● INFORMATION SUPPLIED:
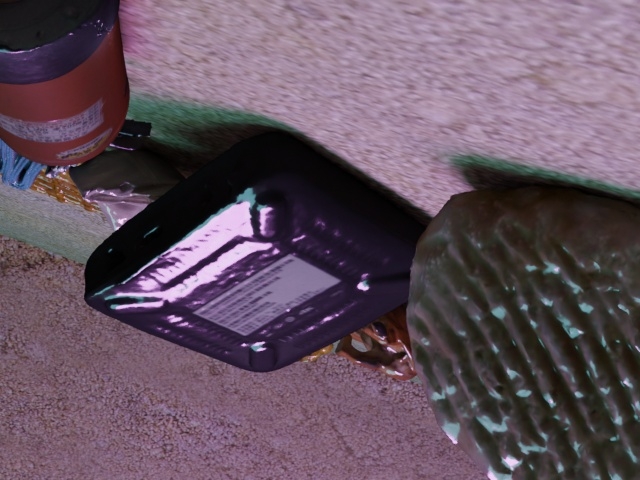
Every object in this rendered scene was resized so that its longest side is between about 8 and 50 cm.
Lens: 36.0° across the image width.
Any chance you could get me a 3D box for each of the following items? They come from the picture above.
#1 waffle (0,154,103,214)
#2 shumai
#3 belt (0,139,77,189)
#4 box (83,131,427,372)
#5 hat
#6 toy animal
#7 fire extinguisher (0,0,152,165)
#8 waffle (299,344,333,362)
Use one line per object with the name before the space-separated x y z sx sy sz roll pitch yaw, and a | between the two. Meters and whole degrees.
waffle | -0.374 -0.102 1.325 0.300 0.058 0.281 27 167 -32
shumai | 0.233 0.068 0.851 0.314 0.267 0.262 46 -156 6
belt | -0.323 -0.103 1.129 0.100 0.065 0.179 26 155 -14
box | -0.055 0.033 1.004 0.290 0.073 0.289 -31 138 28
hat | -0.161 -0.052 1.152 0.225 0.164 0.219 -19 150 -1
toy animal | 0.100 0.140 1.483 0.157 0.097 0.312 26 -171 -13
fire extinguisher | -0.222 -0.140 0.696 0.200 0.113 0.376 27 169 -3
waffle | -0.141 0.125 1.839 0.261 0.151 0.324 8 163 37
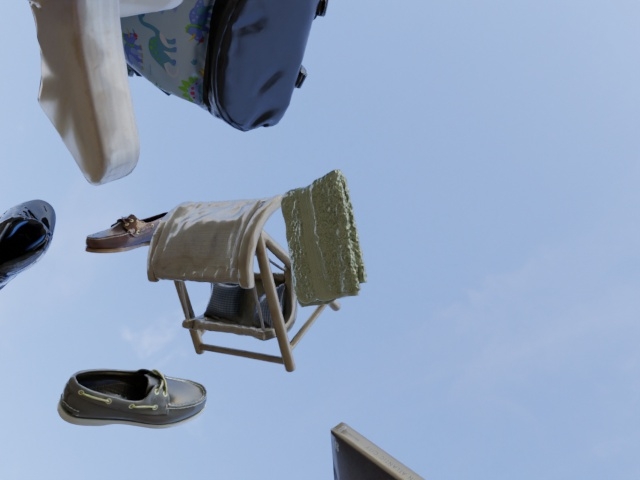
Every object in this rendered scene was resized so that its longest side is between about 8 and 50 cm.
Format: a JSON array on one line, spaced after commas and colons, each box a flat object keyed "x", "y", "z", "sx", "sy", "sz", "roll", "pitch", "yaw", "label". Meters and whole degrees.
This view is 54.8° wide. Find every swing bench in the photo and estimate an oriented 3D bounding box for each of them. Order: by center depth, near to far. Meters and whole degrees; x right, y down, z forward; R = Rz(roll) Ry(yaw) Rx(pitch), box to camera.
[{"x": -0.146, "y": 0.065, "z": 1.056, "sx": 0.253, "sy": 0.165, "sz": 0.254, "roll": -1, "pitch": -53, "yaw": 41, "label": "swing bench"}]

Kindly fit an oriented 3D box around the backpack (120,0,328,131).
[{"x": -0.197, "y": -0.358, "z": 0.875, "sx": 0.355, "sy": 0.273, "sz": 0.290, "roll": 53, "pitch": -40, "yaw": 27, "label": "backpack"}]

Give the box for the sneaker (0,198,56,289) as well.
[{"x": -0.382, "y": -0.005, "z": 0.806, "sx": 0.121, "sy": 0.217, "sz": 0.079, "roll": -29, "pitch": -66, "yaw": 25, "label": "sneaker"}]

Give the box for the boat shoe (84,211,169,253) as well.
[{"x": -0.387, "y": -0.020, "z": 1.263, "sx": 0.073, "sy": 0.207, "sz": 0.073, "roll": 15, "pitch": -73, "yaw": 32, "label": "boat shoe"}]

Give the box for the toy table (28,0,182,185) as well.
[{"x": -0.157, "y": -0.170, "z": 0.323, "sx": 0.161, "sy": 0.274, "sz": 0.252, "roll": -38, "pitch": -108, "yaw": 48, "label": "toy table"}]

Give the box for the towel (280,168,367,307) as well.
[{"x": 0.000, "y": 0.000, "z": 0.714, "sx": 0.110, "sy": 0.027, "sz": 0.148, "roll": -20, "pitch": -107, "yaw": 43, "label": "towel"}]

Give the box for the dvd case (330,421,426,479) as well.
[{"x": 0.087, "y": 0.233, "z": 0.387, "sx": 0.221, "sy": 0.018, "sz": 0.164, "roll": 22, "pitch": -56, "yaw": 46, "label": "dvd case"}]

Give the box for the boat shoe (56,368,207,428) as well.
[{"x": -0.364, "y": 0.313, "z": 1.253, "sx": 0.091, "sy": 0.305, "sz": 0.109, "roll": -63, "pitch": -143, "yaw": 27, "label": "boat shoe"}]
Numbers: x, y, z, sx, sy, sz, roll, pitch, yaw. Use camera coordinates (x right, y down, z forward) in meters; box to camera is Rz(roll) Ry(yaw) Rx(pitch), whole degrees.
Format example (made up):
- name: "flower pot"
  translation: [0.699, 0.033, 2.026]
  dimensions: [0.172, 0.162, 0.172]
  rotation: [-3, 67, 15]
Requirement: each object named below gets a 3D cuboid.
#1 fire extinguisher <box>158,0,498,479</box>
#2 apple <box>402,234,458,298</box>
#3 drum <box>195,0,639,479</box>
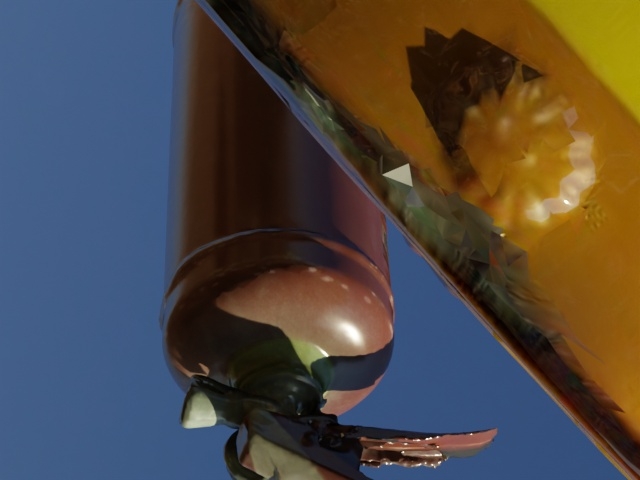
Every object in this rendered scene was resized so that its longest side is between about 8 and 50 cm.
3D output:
- name: "fire extinguisher"
  translation: [0.000, 0.000, 0.856]
  dimensions: [0.337, 0.147, 0.106]
  rotation: [-93, -167, -44]
- name: "apple"
  translation: [0.166, -0.050, 1.401]
  dimensions: [0.234, 0.234, 0.234]
  rotation: [-10, -106, 41]
- name: "drum"
  translation: [0.111, -0.084, 0.521]
  dimensions: [0.214, 0.431, 0.431]
  rotation: [-43, -126, 7]
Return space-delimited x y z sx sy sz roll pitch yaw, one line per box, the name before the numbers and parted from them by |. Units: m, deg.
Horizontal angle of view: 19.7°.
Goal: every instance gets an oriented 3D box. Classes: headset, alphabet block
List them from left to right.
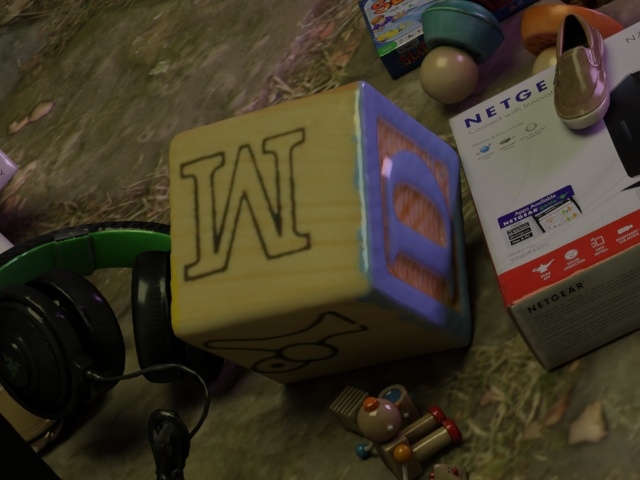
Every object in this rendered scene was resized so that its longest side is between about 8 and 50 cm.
headset | -0.184 0.107 1.703 0.243 0.185 0.394 -13 26 -15
alphabet block | 0.000 0.000 1.595 0.197 0.192 0.193 -13 65 27

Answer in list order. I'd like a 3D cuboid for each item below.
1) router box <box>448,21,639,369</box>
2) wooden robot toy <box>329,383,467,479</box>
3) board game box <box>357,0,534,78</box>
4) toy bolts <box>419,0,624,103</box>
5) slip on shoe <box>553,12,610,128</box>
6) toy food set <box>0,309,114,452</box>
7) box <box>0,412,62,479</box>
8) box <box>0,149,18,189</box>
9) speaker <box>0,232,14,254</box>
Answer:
router box | 0.295 -0.074 1.584 0.335 0.082 0.301 -27 33 11
wooden robot toy | 0.060 0.147 1.505 0.076 0.079 0.173 -38 33 -7
board game box | 0.146 -0.266 2.005 0.201 0.035 0.136 -29 33 8
toy bolts | 0.164 -0.223 1.803 0.228 0.218 0.159 -5 65 57
slip on shoe | 0.228 -0.151 1.625 0.051 0.041 0.135 -16 37 26
toy food set | -0.271 0.158 1.825 0.132 0.038 0.192 -8 45 45
box | -0.361 0.213 1.687 0.261 0.184 0.103 6 49 45
box | -0.504 0.024 2.114 0.322 0.058 0.232 -50 18 -25
speaker | -0.362 0.023 2.053 0.055 0.055 0.136 -41 34 -10
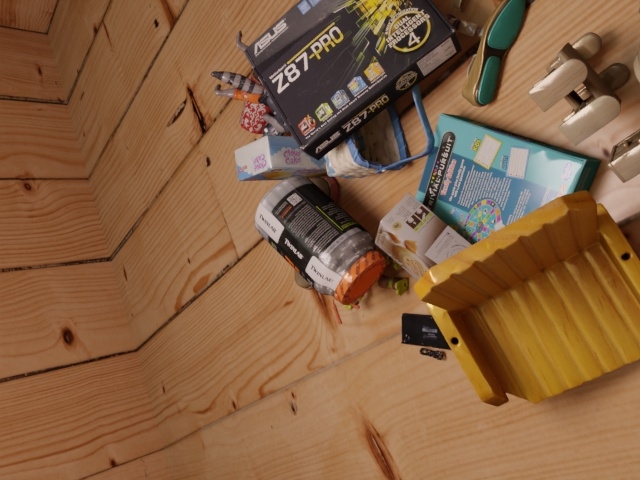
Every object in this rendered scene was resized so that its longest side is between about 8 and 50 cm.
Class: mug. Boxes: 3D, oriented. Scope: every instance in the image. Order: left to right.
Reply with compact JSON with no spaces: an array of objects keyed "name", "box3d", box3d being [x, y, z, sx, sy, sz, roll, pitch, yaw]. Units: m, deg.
[{"name":"mug","box3d":[-0.178,-0.415,1.675,0.150,0.113,0.169,56,134,35]}]

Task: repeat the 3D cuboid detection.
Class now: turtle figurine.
[{"name":"turtle figurine","box3d":[0.124,0.095,1.429,0.217,0.087,0.269,1,87,39]}]

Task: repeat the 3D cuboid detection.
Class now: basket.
[{"name":"basket","box3d":[0.130,-0.285,1.292,0.289,0.201,0.254,-22,77,52]}]

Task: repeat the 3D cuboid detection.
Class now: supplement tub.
[{"name":"supplement tub","box3d":[0.000,0.000,1.340,0.316,0.194,0.193,43,124,24]}]

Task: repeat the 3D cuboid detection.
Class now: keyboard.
[{"name":"keyboard","box3d":[0.275,0.238,1.332,0.180,0.023,0.108,-3,86,48]}]

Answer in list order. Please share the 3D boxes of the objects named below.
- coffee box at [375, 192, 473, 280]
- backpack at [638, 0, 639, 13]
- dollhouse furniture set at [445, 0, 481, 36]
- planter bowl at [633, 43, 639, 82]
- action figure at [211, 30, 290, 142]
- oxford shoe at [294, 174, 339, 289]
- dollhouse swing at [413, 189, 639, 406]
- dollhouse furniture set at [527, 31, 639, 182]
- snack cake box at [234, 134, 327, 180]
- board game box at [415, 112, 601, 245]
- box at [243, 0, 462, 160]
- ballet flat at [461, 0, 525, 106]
[{"name":"coffee box","box3d":[0.247,0.030,1.188,0.246,0.098,0.141,42,166,14]},{"name":"backpack","box3d":[0.586,-0.403,0.838,0.166,0.144,0.188,-27,73,50]},{"name":"dollhouse furniture set","box3d":[0.318,-0.502,1.165,0.081,0.091,0.114,29,113,25]},{"name":"planter bowl","box3d":[0.524,-0.267,0.767,0.109,0.162,0.162,121,131,-67]},{"name":"action figure","box3d":[-0.154,-0.372,1.544,0.330,0.178,0.341,32,117,-4]},{"name":"oxford shoe","box3d":[-0.047,-0.019,1.565,0.123,0.130,0.348,22,110,44]},{"name":"dollhouse swing","box3d":[0.373,0.125,0.900,0.347,0.305,0.315,-31,80,17]},{"name":"dollhouse furniture set","box3d":[0.504,-0.247,0.902,0.242,0.212,0.161,47,133,-1]},{"name":"snack cake box","box3d":[-0.082,-0.221,1.479,0.152,0.264,0.089,-9,89,47]},{"name":"board game box","box3d":[0.370,-0.102,1.147,0.336,0.079,0.253,33,118,40]},{"name":"box","box3d":[0.058,-0.420,1.196,0.395,0.097,0.318,-35,67,16]},{"name":"ballet flat","box3d":[0.352,-0.402,1.137,0.073,0.080,0.232,45,125,52]}]
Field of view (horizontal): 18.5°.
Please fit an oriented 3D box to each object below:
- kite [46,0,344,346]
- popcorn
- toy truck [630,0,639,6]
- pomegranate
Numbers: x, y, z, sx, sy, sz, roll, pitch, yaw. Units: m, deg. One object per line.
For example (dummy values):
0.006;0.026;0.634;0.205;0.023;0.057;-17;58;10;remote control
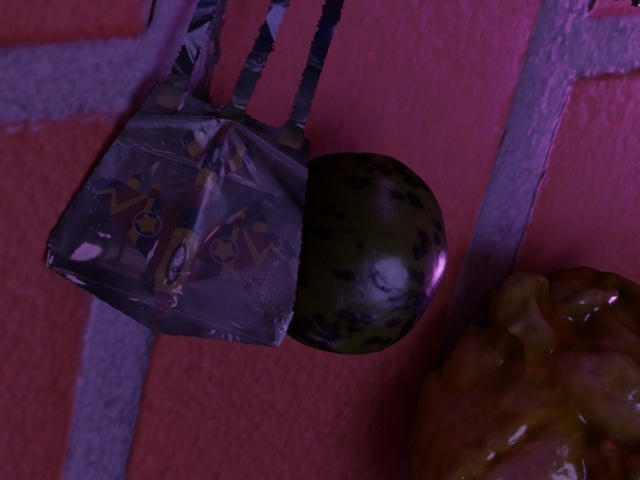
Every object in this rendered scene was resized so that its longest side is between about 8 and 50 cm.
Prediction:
-0.050;-0.060;1.054;0.141;0.015;0.245;19;106;-9;kite
0.172;0.147;1.318;0.259;0.212;0.259;-28;144;-23;popcorn
0.189;-0.182;1.196;0.024;0.032;0.083;-23;133;-20;toy truck
0.000;0.000;1.124;0.161;0.122;0.122;21;108;-22;pomegranate

● TASK ITEM: Reproduce exactly, and only, the part of the listing above that begins at the line with "Answer in list order. Please" and goes on through the line with "- dollhouse swing at [413, 189, 639, 406]".

● RESPONSE TO THIS EXERCISE:
Answer in list order. Please share the 3D boxes of the objects named below.
- coffee box at [375, 192, 473, 280]
- backpack at [638, 0, 639, 13]
- dollhouse furniture set at [445, 0, 481, 36]
- planter bowl at [633, 43, 639, 82]
- action figure at [211, 30, 290, 142]
- oxford shoe at [294, 174, 339, 289]
- dollhouse swing at [413, 189, 639, 406]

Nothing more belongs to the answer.